[Opening TASK MATERIAL section]
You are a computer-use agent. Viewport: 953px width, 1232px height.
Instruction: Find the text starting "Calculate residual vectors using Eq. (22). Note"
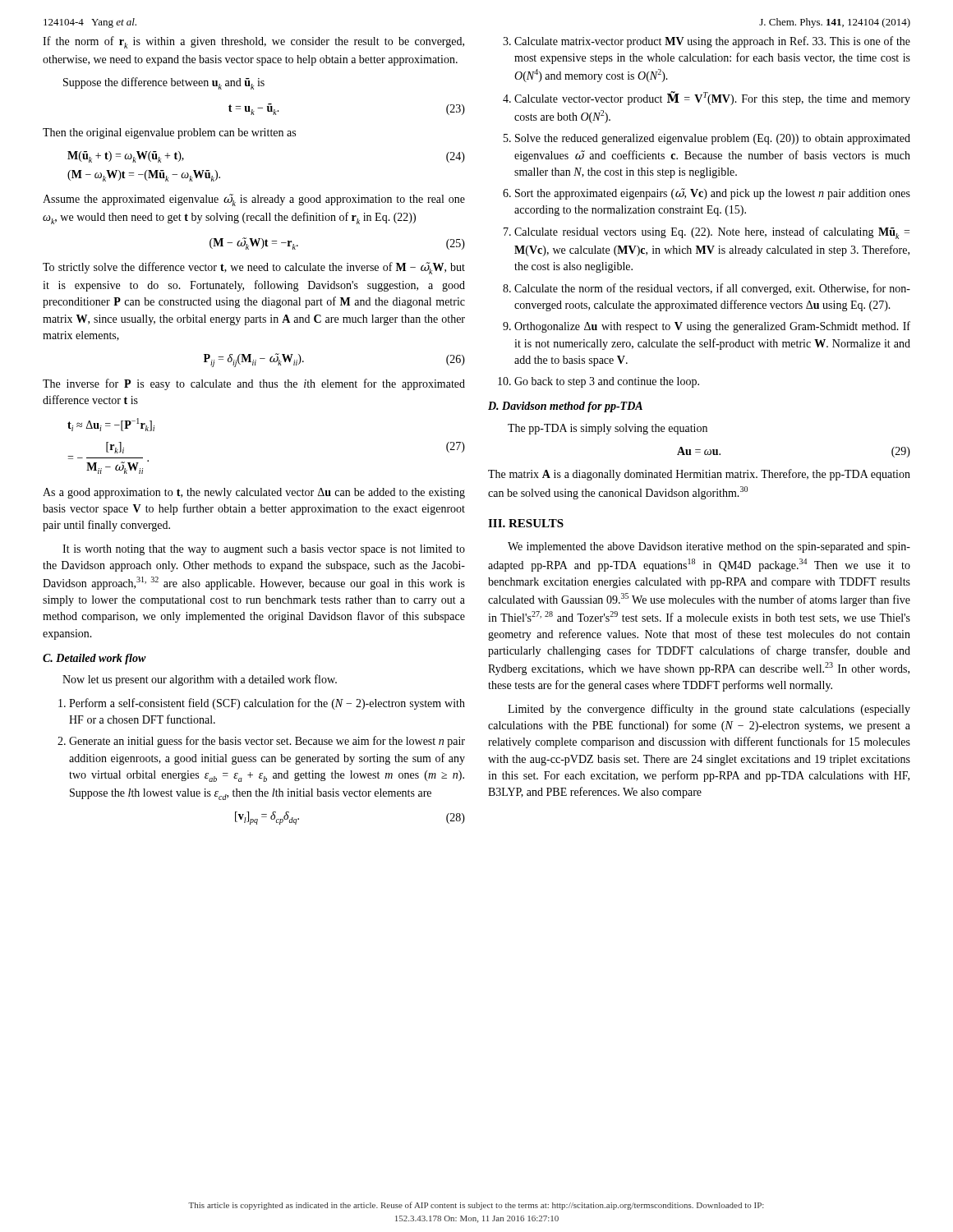(712, 249)
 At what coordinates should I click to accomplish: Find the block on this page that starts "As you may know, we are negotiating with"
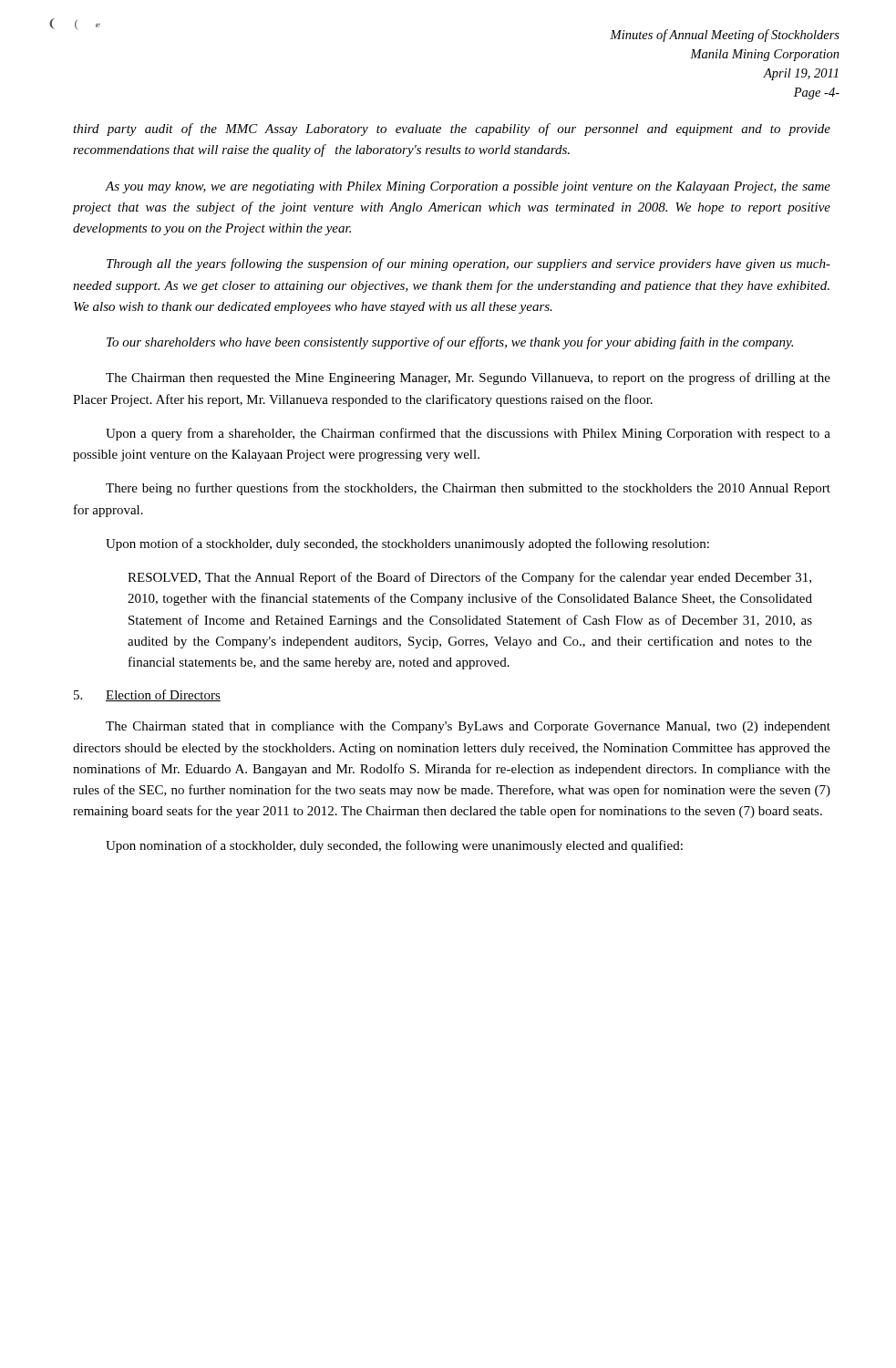(x=452, y=207)
[Closing TASK MATERIAL section]
## TASK STATEMENT
Print every line above exactly. Leave the pictures out.

## REPLY
You are a computer-use agent. Viewport: 953px width, 1232px height.
Instruction: Find the text starting "Calculate residual vectors using Eq. (22). Note"
(712, 249)
 At what coordinates should I click to accomplish: Find the block on this page that starts "As you may know, we are negotiating with"
(x=452, y=207)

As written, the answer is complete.